Никак не пойму, чего ей надо, не пойму и цели визита, нелегко дающегося несчастным родителям. Что за надежды возлагают они на меня?
— Его смерть, — говорит старый профессор, — осталась для нас мрачной загадкой. Вот уже шесть лет прошло…
— Алекс был так талантлив!
— Да, да, — быстро подтверждает старый профессор, он готов согласиться со всем, лишь бы не заговорила мать. — Конечно, он был талантлив…
— А вы разве этого не находили? — спрашивает мать.
— Что касается его смерти… — говорит отец.
— Юлика Чуди, — подчеркивает мать, — тоже считала его талантливым. У нас даже сохранилось письмо вашей милой жены, как артистка она была горячей поклонницей Алекса, я всю жизнь буду благодарна ей за то, что она поддерживала его дух, когда он терял веру в себя, когда работа не клеилась. Я знаю, наш сын так почитал ее, ему бывало так стыдно… Если бы не ее ласковое внимание…
Старый профессор учтиво замолк, когда жена перебила его, даже зажег сигарету, которую так и не закурил, и пока говорит седовласая дама, начинает казаться, что ей и вправду очень важно доказать высокую одаренность покойного юноши, отрекомендовать господу богу своего мертвого сына как талантливого пианиста. Я понимаю старого профессора, поддакивающего жене, но озабоченного другими вопросами. Впрочем, профессор смотрит на меня весьма недоброжелательно, когда ему кажется, что я этого не замечаю, словно пропавший Штиллер виновен в том, что однажды днем, после балетной репетиции в городском театре, Алекс отравился газом. Иногда старики, волнуясь, говорят оба вместе, ведь все встает перед их глазами так, точно случилось вчера. У меня, человека стороннего, в голове возникает какая-то путаница. Мне вдруг кажется, что лишили себя жизни два сына, два разных сына, и объединяет их лишь причина самоубийства. Но что за причина? Я обязан знать, кто был Алекс, их единственный сын. Он придвинул стул к газовой плите, отвернул все краны этот способ самоубийства широко известен по романам и газетным отчетам, накрыл голову и плиту дождевым плащом и дышал, надеясь, что смерть всему положит конец, вдыхал синеватый дурман, может быть, кричал, но уже без голоса. Говорят, что он упал со стула. И уже не мог исправить свою ошибку, внезапно у него не стало времени. А теперь поздно. Шесть лет пребывает он в безвременье. Он не может более познать себя, теперь уже не может. Но он молит о спасении. Молит о подлинной смерти…

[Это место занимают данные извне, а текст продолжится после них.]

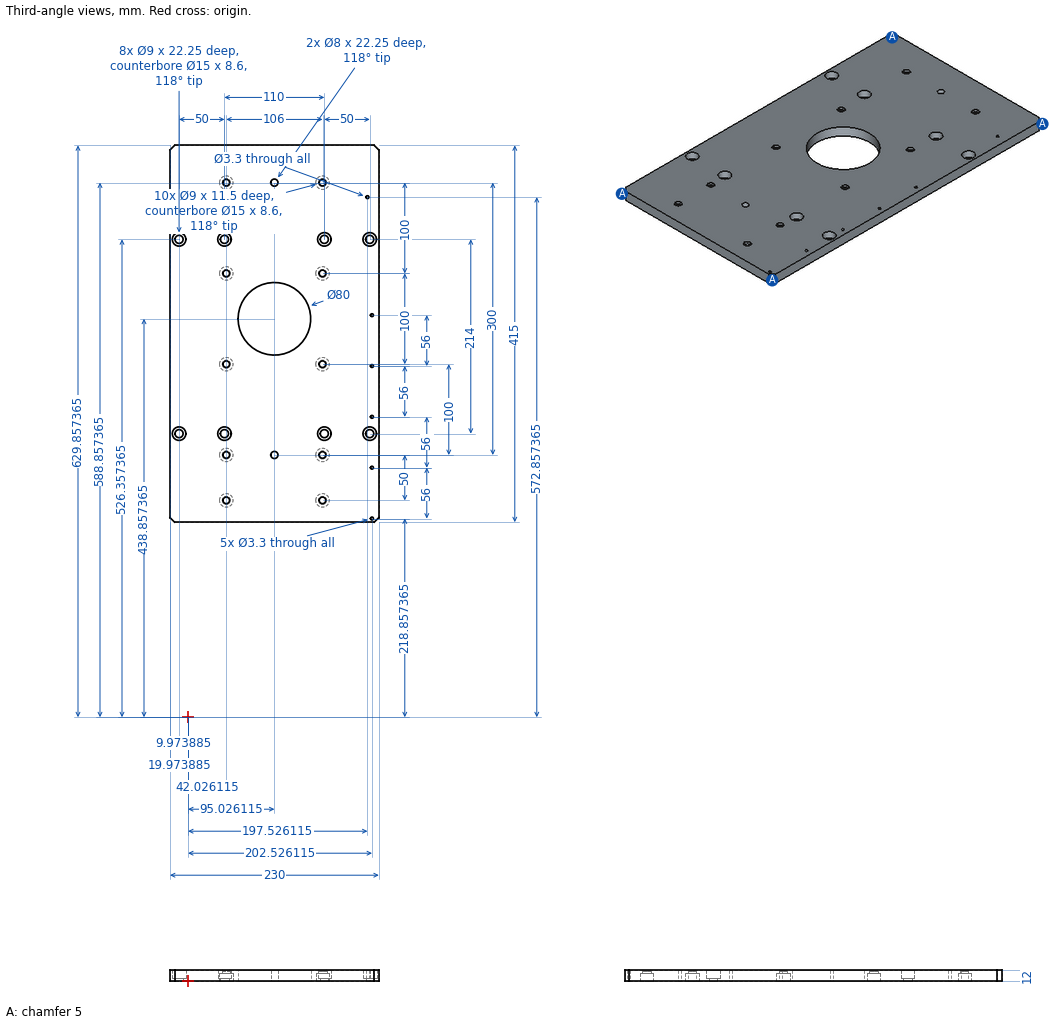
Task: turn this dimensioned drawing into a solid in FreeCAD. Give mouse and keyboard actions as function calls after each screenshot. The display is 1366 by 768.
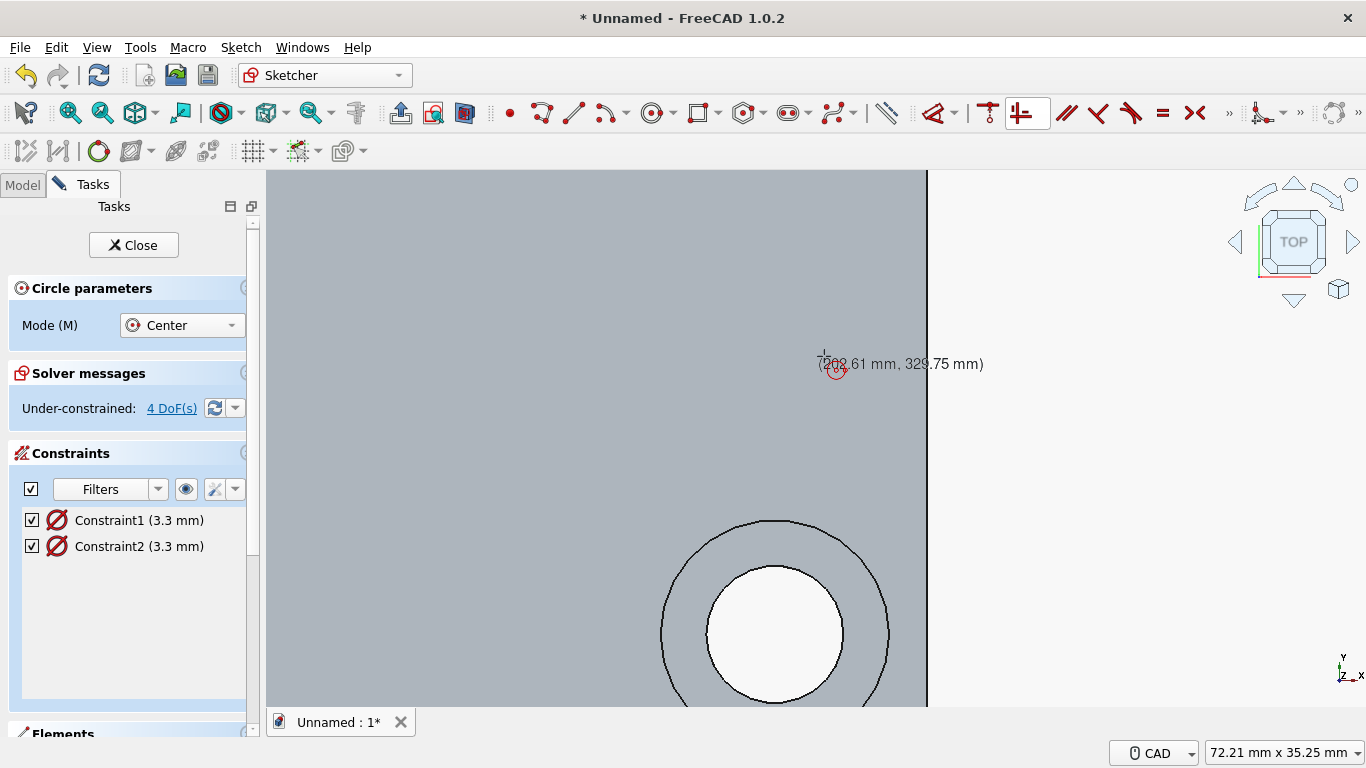
scroll(824, 356, down, 15)

Немного погодя я возвращаю фотографию. Молча.
— О чем вы говорили тогда с Алексом? — всхлипывает мать. — Что вы ему…
— Успокойся, — умоляет ее отец.
— Только не молчите, — заклинает она. — бога ради, скажите, что вы… Рыданья душат ее.
Когда является надзиратель и по обязанности хочет что-то спросить, мы жестом просим его удалиться; конечно, он доложит об этом доктору Боненблусту, но при моем защитнике я тем более ничего не скажу, как ни жаль мне родителей и в первую очередь старого профессора. С трудом, профессор довольно тучен, он шарит в карманах брюк, наконец, находит чистый носовой платок и много раз тщетно предлагает его седовласой даме, закрывшей лицо руками.